INCIDÊNCIA DO CÓDIGO DE DEFESA DO CONSUMIDOR. O crédito
fornecido ao consumidor pessoa física para utilização na aquisição de bens no
mercado como destinatário final, se caracteriza como produto, importando no
reconhecimento da instituição bancária/financeira como fornecedora para fins de
aplicação do CDC, nos termos do art. 3º, parágrafo 2º, da Lei nº 8.078/90.
Entendimento referendado pela Súmula 297 do STJ, de 12 de maio de 2004.
DIREITO DO CONSUMIDOR À REVISÃO CONTRATUAL. O art. 6º, inciso V,
da Lei nº 8.078/90 instituiu o princípio da função social dos contratos, relativizando o
rigor do “Pacta Sunt Servanda" e permitindo ao consumidor a revisão do contrato em
duas hipóteses: a) por abuso contemporâneo à contratação ou b) por onerosidade
excessiva derivada de fato superveniente (teoria da Imprevisão). Na hipótese dos
autos, o desequilíbrio contratual já existia à época da contratação, pois o fornecedor
inseriu unilateralmente nas cláusulas gerais do contrato de adesão obrigações
claramente excessivas, suportadas exclusivamente pelo consumidor.
TAXA DE JUROS REMUNERATÓRIOS. Juros mantidos em 12% (doze por
cento) ao ano, nos termos da sentença, com fundamento exclusivamente no disposto
no art. 52, inciso II c/c os arts. 39, inciso V e 51, inciso IV, todos da Lei nº 8.078/90.
Desnecessário examinar argumentos constitucionais sobre o tema.
CAPITALIZAÇÃO DOS JUROS. IMPOSSIBILIDADE DE APLICAÇÃO DA
MP 2.170. No caso concreto trata-se de contrato de financiamento firmado já na
vigência do Novo Código Civil, que permite a incidência da capitalização anual dos
juros. Não obstante, a simples existência de legislação autorizando a incidência do
encargo, por si só, não tem o condão de presumir a sua contratação em todos os pactos
dessa natureza, devendo, em cada caso, constar cláusula expressa informando o
consumidor sobre sua incidência, sob pena de afronta às diretrizes do CDC, quanto à
necessidade de clara compreensão do conteúdo do contrato e do alcance das
obrigações assumidas. Mantida a capitalização anual no caso concreto, diante do apelo
somente da instituição bancária.
COMISSÃO DE PERMANÊNCIA. Obrigação acessória cujo afastamento vai
mantido, na esteira de jurisprudência consolidada.
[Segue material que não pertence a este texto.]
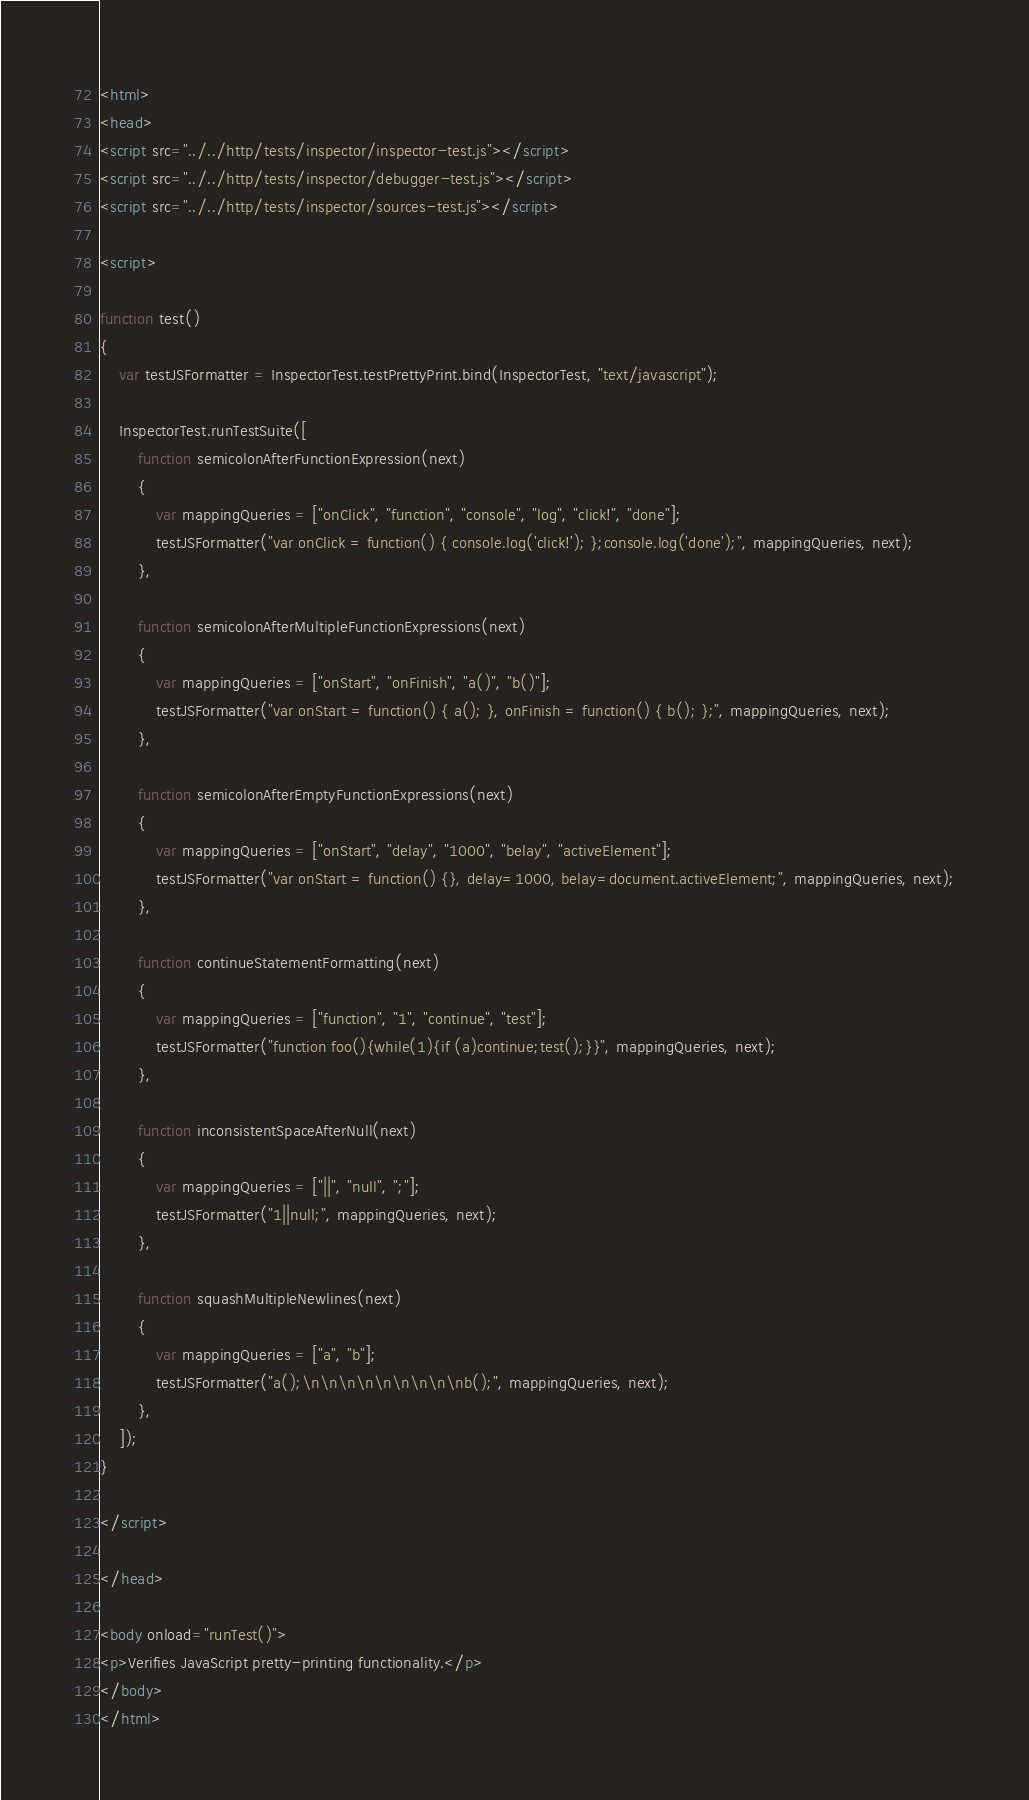<code> <loc_0><loc_0><loc_500><loc_500><_HTML_><html>
<head>
<script src="../../http/tests/inspector/inspector-test.js"></script>
<script src="../../http/tests/inspector/debugger-test.js"></script>
<script src="../../http/tests/inspector/sources-test.js"></script>

<script>

function test()
{
    var testJSFormatter = InspectorTest.testPrettyPrint.bind(InspectorTest, "text/javascript");

    InspectorTest.runTestSuite([
        function semicolonAfterFunctionExpression(next)
        {
            var mappingQueries = ["onClick", "function", "console", "log", "click!", "done"];
            testJSFormatter("var onClick = function() { console.log('click!'); };console.log('done');", mappingQueries, next);
        },

        function semicolonAfterMultipleFunctionExpressions(next)
        {
            var mappingQueries = ["onStart", "onFinish", "a()", "b()"];
            testJSFormatter("var onStart = function() { a(); }, onFinish = function() { b(); };", mappingQueries, next);
        },

        function semicolonAfterEmptyFunctionExpressions(next)
        {
            var mappingQueries = ["onStart", "delay", "1000", "belay", "activeElement"];
            testJSFormatter("var onStart = function() {}, delay=1000, belay=document.activeElement;", mappingQueries, next);
        },

        function continueStatementFormatting(next)
        {
            var mappingQueries = ["function", "1", "continue", "test"];
            testJSFormatter("function foo(){while(1){if (a)continue;test();}}", mappingQueries, next);
        },

        function inconsistentSpaceAfterNull(next)
        {
            var mappingQueries = ["||", "null", ";"];
            testJSFormatter("1||null;", mappingQueries, next);
        },

        function squashMultipleNewlines(next)
        {
            var mappingQueries = ["a", "b"];
            testJSFormatter("a();\n\n\n\n\n\n\n\n\nb();", mappingQueries, next);
        },
    ]);
}

</script>

</head>

<body onload="runTest()">
<p>Verifies JavaScript pretty-printing functionality.</p>
</body>
</html>
</code>

TERMO INICIAL DA MORA. Estando “sub judice" a liquidez e, em via de
conseqüência, a própria exigibilidade do crédito oriundo do contrato revisando,
correto o afastamento dos efeitos da mora decorrente do inadimplemento de
obrigações declaradas abusivas até que se apure o valor real do eventual débito ainda
existente.
ATUALIZAÇÃO MONETÁRIA. Mantido o IGP-M/FGV como índice de correção
monetária, que a jurisprudência indica ser o que melhor reflete a real perda
inflacionária.
DIREITO À COMPENSAÇÃO DE CRÉDITOS/REPETIÇÃO DO INDÉBITO.
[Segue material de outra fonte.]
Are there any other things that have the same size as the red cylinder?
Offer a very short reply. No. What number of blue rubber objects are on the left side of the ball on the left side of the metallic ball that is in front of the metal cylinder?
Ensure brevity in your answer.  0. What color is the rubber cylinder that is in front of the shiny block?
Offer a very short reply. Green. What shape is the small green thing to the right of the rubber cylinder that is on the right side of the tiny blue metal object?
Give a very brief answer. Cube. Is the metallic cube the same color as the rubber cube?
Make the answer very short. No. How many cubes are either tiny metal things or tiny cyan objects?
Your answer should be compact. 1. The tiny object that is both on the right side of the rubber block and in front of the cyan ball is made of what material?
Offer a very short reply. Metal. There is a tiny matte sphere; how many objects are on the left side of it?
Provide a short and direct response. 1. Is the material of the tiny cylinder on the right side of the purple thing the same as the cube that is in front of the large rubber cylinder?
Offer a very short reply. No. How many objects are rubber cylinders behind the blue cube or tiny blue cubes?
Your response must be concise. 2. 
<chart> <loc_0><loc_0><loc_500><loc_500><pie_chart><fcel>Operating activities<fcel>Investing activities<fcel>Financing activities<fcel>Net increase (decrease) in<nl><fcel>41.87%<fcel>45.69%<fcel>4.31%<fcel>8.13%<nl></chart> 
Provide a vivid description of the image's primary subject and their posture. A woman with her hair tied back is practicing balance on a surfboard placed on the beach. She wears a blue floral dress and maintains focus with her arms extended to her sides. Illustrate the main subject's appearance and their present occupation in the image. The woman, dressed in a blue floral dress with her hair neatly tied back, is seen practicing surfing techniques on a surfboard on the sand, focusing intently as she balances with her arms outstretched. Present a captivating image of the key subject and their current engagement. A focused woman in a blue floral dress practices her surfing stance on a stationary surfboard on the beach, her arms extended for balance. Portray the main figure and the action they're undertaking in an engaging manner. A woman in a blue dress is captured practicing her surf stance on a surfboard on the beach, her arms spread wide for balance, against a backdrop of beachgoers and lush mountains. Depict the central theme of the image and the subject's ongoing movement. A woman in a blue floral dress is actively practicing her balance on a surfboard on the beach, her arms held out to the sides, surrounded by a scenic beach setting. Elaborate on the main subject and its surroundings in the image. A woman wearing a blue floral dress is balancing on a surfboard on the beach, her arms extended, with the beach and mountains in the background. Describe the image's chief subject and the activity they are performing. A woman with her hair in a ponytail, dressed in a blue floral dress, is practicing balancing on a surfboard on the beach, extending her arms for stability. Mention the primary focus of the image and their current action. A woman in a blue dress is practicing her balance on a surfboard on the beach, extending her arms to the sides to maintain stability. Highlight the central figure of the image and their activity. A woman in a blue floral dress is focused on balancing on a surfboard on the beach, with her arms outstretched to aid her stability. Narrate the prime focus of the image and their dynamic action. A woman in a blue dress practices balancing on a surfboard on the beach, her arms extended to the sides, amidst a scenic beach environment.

Sendo apurada a existência de saldo devedor, devem ser compensados os pagamentos
a maior feitos no curso da contratualidade. Verificado que o débito já está quitado,
devem ser devolvidos os valores eventualmente pagos a maior, na forma simples,
corrigidos pelo IGP-M desde o desembolso e com juros legais desde a citação.
ANTECIPAÇÃO DE TUTELA. Impõe-se a manutenção da antecipação de tutela,
haja vista o deferimento da revisão contratual e afastamento dos efeitos da mora, nos
termos deferidos pelo juízo a quo .
AÇÃO DE BUSCA E APREENSÃO. Descaracterização da mora em face da
existência de cláusulas abusivas. Ausência de pressuposto da ação. Sendo a mora o
fundamento jurídico da ação de busca e apreensão, e uma vez que ela tenha sido
descaracterizada, deve ser mantida a extinta da ação, com base no art. 267, inciso VI,
do CPC.
DISPOSIÇÕES DE OFÍCIO. IMPOSSIBILIDADE. Aplicação do art. 515 do CPC.
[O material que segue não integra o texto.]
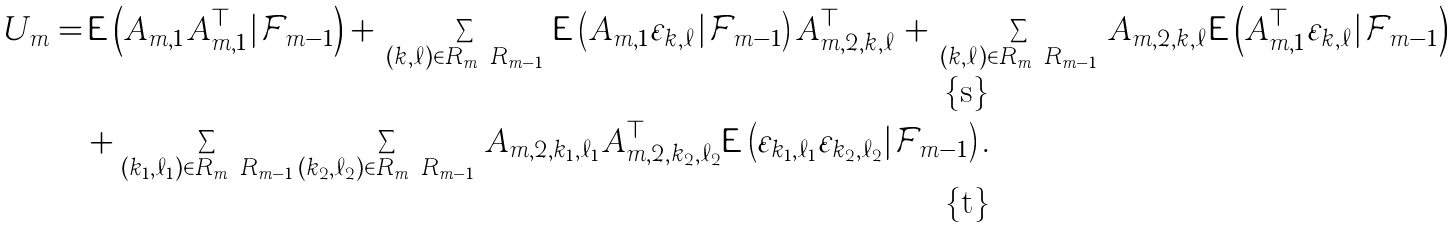<formula> <loc_0><loc_0><loc_500><loc_500>U _ { m } = & \, { \mathsf E } \left ( A _ { m , 1 } A _ { m , 1 } ^ { \top } | { \mathcal { F } } _ { m - 1 } \right ) + \, \sum _ { ( k , \ell ) \in R _ { m } \ R _ { m - 1 } } \, { \mathsf E } \left ( A _ { m , 1 } \varepsilon _ { k , \ell } | { \mathcal { F } } _ { m - 1 } \right ) A _ { m , 2 , k , \ell } ^ { \top } + \, \sum _ { ( k , \ell ) \in R _ { m } \ R _ { m - 1 } } \, A _ { m , 2 , k , \ell } { \mathsf E } \left ( A _ { m , 1 } ^ { \top } \varepsilon _ { k , \ell } | { \mathcal { F } } _ { m - 1 } \right ) \\ & + \sum _ { ( k _ { 1 } , \ell _ { 1 } ) \in R _ { m } \ R _ { m - 1 } } \sum _ { ( k _ { 2 } , \ell _ { 2 } ) \in R _ { m } \ R _ { m - 1 } } \, A _ { m , 2 , k _ { 1 } , \ell _ { 1 } } A _ { m , 2 , k _ { 2 } , \ell _ { 2 } } ^ { \top } { \mathsf E } \left ( \varepsilon _ { k _ { 1 } , \ell _ { 1 } } \varepsilon _ { k _ { 2 } , \ell _ { 2 } } | { \mathcal { F } } _ { m - 1 } \right ) .</formula>

Incidência do princípio “ tantum devolutum quantum appellatum".
MANTIDA A ANTECIPAÇÃO DE TUTELA.
APELAÇÃO IMPROVIDA."
Os embargos declaratórios foram rejeitados (e-STJ fls. 253/257).
A Corte de origem, em cumprimento ao disposto no art. 543-C, § 7º, II, do CPC,
manteve o acórdão recorrido (e-STJ fls. 325/342).
Nas razões recursais (e-STJ fls. 261/295), fundamentadas no art. 105, III, alíneas "a" e
“c", da CF, ratificadas à fl. 346 (e-STJ), o recorrente aponta ofensa aos arts. 2º, 128, 460 e 515 do
CPC, 43 do CDC, 368, 394, 591 e 877 do CC/2002, 4º, IX, 10, IX e X, da Lei n. 4.595/1964 e 5º da
MP n. 2.170-36/2001, bem como dissídio jurisprudencial. A insurgência cuida dos seguintes temas:
(a) disposições de ofício, (b) limitação dos juros remuneratórios, (c) capitalização mensal dos juros,
(d) mora do devedor, (e) comissão de permanência, (f) juros moratórios, (g) multa contratual, (h)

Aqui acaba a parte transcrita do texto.